Module 9

Question 1

What is the role of RNA pol II?

Answer 1

• eukaryotic
• expression of most genes
• 12 subunits

Question 2

What is the role of RNA pol I?

Answer 2

responsible for transcribing genes that encode rRNA molecules

Question 3

What is the role of RNA pol III?

Answer 3

responsible for transcribing the genes that encode tRNAs, 1 rRNA, and other smaller RNA molecules

Question 4

The transcriptional machinery finds a gene via. . .

Answer 4

promoter

Question 5

Regulatory sequences determine. . .

Answer 5

WHEN and HOW MUCH the gene will be transcribed
- can be at both + or - sides

Question 6

RNA pol II requires action of _____ which are required for the expression of. . .

Answer 6

general transcription factors (basal)
expression of ALL genes, e.g.
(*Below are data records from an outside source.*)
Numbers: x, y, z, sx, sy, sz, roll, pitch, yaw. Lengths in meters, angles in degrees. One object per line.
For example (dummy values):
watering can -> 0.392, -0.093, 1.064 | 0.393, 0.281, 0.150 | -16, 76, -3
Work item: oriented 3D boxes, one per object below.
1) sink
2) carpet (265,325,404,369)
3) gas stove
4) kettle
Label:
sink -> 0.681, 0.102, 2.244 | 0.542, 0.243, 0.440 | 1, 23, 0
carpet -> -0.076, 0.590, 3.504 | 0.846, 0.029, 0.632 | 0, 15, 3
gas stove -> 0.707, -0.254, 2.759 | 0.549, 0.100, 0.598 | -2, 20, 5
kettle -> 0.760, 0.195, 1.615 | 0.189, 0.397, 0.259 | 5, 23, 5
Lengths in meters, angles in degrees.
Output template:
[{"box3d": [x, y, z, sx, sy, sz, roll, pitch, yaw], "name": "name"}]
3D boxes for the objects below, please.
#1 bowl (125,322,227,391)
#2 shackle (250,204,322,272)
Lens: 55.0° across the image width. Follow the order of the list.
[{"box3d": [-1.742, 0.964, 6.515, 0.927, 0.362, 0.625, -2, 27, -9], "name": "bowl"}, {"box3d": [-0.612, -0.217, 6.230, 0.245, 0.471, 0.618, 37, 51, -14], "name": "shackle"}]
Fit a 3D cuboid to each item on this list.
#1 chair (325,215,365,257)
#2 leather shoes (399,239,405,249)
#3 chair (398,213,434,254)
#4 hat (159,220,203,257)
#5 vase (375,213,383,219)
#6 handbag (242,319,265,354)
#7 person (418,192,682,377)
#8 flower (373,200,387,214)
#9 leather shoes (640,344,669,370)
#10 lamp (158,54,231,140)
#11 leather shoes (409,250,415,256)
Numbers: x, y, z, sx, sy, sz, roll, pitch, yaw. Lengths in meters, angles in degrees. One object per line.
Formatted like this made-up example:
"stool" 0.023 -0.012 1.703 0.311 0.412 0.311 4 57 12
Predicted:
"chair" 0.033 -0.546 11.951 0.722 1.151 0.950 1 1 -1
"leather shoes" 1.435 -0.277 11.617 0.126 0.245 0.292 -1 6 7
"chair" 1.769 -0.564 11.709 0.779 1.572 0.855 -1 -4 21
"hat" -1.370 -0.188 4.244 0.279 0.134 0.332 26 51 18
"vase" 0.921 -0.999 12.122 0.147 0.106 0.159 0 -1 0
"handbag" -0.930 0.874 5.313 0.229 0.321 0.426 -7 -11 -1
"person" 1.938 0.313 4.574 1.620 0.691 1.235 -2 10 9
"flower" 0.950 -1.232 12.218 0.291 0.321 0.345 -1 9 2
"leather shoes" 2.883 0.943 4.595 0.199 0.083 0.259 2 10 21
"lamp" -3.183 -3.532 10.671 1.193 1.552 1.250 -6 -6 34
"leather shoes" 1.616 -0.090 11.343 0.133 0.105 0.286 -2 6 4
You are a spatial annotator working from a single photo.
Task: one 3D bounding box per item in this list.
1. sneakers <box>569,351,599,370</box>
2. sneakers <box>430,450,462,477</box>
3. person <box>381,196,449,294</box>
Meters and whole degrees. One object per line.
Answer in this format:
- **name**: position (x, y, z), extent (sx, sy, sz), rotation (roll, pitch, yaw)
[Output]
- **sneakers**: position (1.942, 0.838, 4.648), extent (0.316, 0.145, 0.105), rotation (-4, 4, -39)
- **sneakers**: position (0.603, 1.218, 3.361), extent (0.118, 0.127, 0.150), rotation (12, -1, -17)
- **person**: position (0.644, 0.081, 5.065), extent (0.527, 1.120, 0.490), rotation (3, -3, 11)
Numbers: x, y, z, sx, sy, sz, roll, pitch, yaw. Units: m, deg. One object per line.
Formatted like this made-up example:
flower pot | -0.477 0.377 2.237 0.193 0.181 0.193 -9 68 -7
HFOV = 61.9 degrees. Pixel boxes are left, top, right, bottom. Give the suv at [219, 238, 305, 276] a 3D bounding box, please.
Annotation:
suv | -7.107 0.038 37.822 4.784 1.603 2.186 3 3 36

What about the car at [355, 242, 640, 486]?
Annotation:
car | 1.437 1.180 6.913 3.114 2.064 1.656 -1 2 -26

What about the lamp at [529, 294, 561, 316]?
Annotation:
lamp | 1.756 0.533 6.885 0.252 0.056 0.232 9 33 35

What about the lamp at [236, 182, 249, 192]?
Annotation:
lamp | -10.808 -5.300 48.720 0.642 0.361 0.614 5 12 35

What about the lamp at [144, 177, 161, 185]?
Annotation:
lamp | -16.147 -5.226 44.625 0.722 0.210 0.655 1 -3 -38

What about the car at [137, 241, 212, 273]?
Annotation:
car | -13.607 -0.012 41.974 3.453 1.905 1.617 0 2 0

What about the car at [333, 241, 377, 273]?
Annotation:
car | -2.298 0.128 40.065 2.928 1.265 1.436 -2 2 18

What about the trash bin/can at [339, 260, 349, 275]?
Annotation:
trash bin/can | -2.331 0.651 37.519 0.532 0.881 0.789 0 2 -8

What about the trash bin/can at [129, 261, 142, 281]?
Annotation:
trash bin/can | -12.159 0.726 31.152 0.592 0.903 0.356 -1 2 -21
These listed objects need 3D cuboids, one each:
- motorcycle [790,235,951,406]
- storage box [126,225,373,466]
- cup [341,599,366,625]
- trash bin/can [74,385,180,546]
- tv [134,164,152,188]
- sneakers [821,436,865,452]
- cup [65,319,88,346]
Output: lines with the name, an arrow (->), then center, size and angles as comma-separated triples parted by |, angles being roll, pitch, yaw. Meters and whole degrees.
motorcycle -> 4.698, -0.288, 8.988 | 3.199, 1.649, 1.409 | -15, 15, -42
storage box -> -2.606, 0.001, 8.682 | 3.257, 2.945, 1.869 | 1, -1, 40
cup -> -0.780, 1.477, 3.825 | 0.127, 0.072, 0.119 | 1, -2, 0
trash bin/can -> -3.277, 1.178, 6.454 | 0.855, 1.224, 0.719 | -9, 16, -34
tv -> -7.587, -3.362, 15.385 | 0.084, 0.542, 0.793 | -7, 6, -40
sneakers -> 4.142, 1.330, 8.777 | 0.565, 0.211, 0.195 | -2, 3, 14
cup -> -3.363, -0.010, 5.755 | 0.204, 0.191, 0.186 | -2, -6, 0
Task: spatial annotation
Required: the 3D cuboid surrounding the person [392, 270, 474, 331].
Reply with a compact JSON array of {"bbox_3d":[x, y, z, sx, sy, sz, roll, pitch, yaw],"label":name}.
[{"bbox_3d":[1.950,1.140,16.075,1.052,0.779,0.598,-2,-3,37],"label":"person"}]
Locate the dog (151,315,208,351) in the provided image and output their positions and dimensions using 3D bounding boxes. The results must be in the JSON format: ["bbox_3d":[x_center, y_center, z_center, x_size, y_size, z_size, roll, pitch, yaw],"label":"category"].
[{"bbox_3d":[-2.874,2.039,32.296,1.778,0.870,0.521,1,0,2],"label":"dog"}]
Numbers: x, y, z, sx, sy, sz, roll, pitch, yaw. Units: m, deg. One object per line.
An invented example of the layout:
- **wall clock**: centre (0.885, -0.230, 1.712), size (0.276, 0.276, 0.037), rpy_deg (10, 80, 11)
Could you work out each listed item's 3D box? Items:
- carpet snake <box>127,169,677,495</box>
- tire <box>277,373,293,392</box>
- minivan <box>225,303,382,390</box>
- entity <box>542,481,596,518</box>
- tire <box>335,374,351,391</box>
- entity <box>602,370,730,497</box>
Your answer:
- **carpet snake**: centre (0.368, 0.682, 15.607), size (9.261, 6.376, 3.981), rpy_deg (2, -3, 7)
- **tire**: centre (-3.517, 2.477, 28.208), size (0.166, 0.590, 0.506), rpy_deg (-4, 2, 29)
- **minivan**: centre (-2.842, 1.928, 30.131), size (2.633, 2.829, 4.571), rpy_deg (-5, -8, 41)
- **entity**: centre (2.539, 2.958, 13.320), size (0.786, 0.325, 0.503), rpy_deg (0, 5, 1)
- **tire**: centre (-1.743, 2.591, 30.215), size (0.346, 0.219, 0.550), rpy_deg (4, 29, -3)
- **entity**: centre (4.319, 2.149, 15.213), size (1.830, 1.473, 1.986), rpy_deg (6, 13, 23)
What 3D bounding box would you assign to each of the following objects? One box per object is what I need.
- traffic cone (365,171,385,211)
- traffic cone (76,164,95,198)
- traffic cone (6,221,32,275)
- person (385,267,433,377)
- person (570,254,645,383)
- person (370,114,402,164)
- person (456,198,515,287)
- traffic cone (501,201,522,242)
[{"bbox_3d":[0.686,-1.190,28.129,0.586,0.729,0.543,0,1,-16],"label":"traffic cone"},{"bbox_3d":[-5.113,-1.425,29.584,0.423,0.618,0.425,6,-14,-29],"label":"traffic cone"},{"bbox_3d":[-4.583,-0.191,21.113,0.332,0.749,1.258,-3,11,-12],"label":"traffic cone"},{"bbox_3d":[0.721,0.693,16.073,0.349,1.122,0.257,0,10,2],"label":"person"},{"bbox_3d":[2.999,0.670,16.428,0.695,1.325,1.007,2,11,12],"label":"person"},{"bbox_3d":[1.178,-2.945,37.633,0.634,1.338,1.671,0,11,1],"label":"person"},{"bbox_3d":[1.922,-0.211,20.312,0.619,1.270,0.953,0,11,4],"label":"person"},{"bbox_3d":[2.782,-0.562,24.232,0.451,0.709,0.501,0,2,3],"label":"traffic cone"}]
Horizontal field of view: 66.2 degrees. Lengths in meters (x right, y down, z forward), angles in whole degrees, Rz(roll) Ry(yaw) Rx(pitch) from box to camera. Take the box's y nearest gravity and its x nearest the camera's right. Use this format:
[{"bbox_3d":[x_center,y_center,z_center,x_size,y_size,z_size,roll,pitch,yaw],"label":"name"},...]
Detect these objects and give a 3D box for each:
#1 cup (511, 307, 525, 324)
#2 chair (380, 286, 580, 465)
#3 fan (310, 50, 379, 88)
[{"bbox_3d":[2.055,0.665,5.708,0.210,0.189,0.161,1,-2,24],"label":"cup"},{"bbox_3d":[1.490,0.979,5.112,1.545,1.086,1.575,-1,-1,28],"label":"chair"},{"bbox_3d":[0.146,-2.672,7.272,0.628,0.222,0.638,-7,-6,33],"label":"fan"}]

TFIIA, B, C, . . .

Question 7

Gene regulatory proteins are also called. . .

Answer 7

transcription factors - each trans. factor regulates the expression of a subset of genes

Question 8

What is the coding strand in transcription?

Answer 8

the one that is NOT being transcribed

Question 9

What is the function of TBP? (TATA binding protein)

Answer 9

the 1st protein that binds to the promoter and recognized TATA boxes in promoters that will be transcribed

Question 10

What happens when TBP binds to TATA boxes?

Answer 10

it puts a huge dent in the DNA

• dent might make it easier for other proteins to BIND and RECOGNIZE
• dent might make it EASIER for DNA to be SEPARATED

Question 11

What is the role of the transcription factor TFIIB?

Answer 11

binds to TBP and brings in RNA pol II

Question 12

What is the role of the transcription factor TFIIH?

Answer 12

unwinds DNA at promoter (helicase activity)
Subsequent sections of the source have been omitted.